Discussions delved into whether quality assurance schemes, along with abattoir monitoring, production recording and benchmarking, were swamping the industry with too much red tape.

Simon Watchorn, vice chairman of the National Pig Association's producer group, made a strong case for quality assurance schemes and said it was important for these to appear credible to the supermarket and that spot checks were one way of ensuring this.

Mark Wilson, BPEX director of pig industry development, said it was important the industry viewed assurance schemes as valuable systems. He added it was vital industry minimised duplication when asking producers to fill in forms and said that new technology, such as digital pens, which record information on a camera and, using bluetooth technology, stores it on a database, were helping the industry to achieve this.

He added: "These assurance schemes need some explanation from the providers and from the BPEX knowledge transfer team so that producers can see that these schemes have some value for their business."

Ian Denis, partner in Oakwood Veterinary Group, said: "Our role as vets has changed," he said.

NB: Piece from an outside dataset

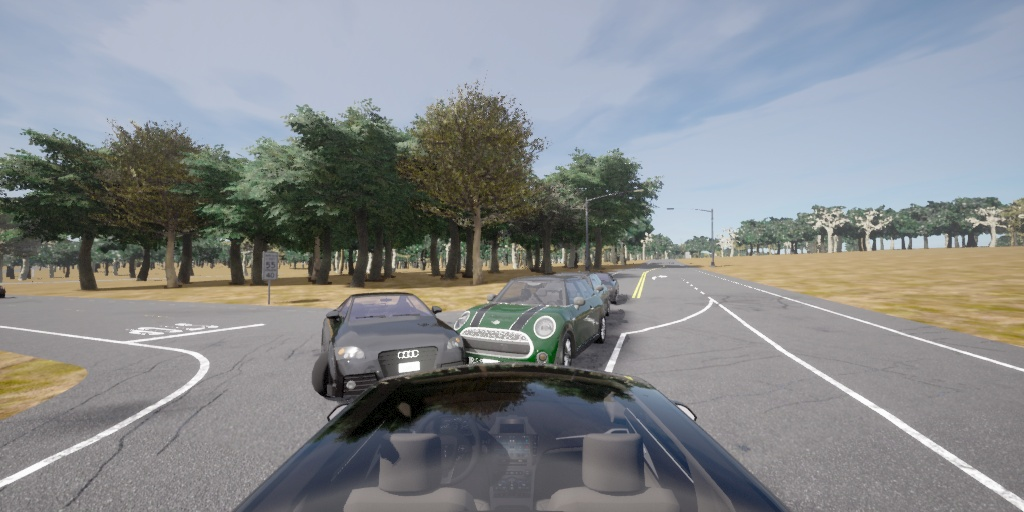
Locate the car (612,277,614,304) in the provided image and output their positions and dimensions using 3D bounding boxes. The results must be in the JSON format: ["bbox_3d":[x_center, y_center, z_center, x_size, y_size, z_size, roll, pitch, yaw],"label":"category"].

"Rather than being the policemen, we are now involved in helping to ensure that herd health is good and that husbandry standards are high. This is how it should be."

John Mackinnon, another UK leading pig vet, said he felt that health and food safety issues should be separated from welfare. He added: "The industry should work more closely with research establishments to develop more realistic techniques for the assessment of welfare in all production systems.

"Slatted flooring does not necessarily mean poor welfare and outdoor production does not necessarily mean good welfare. Much depends on the ability of the stockpersons."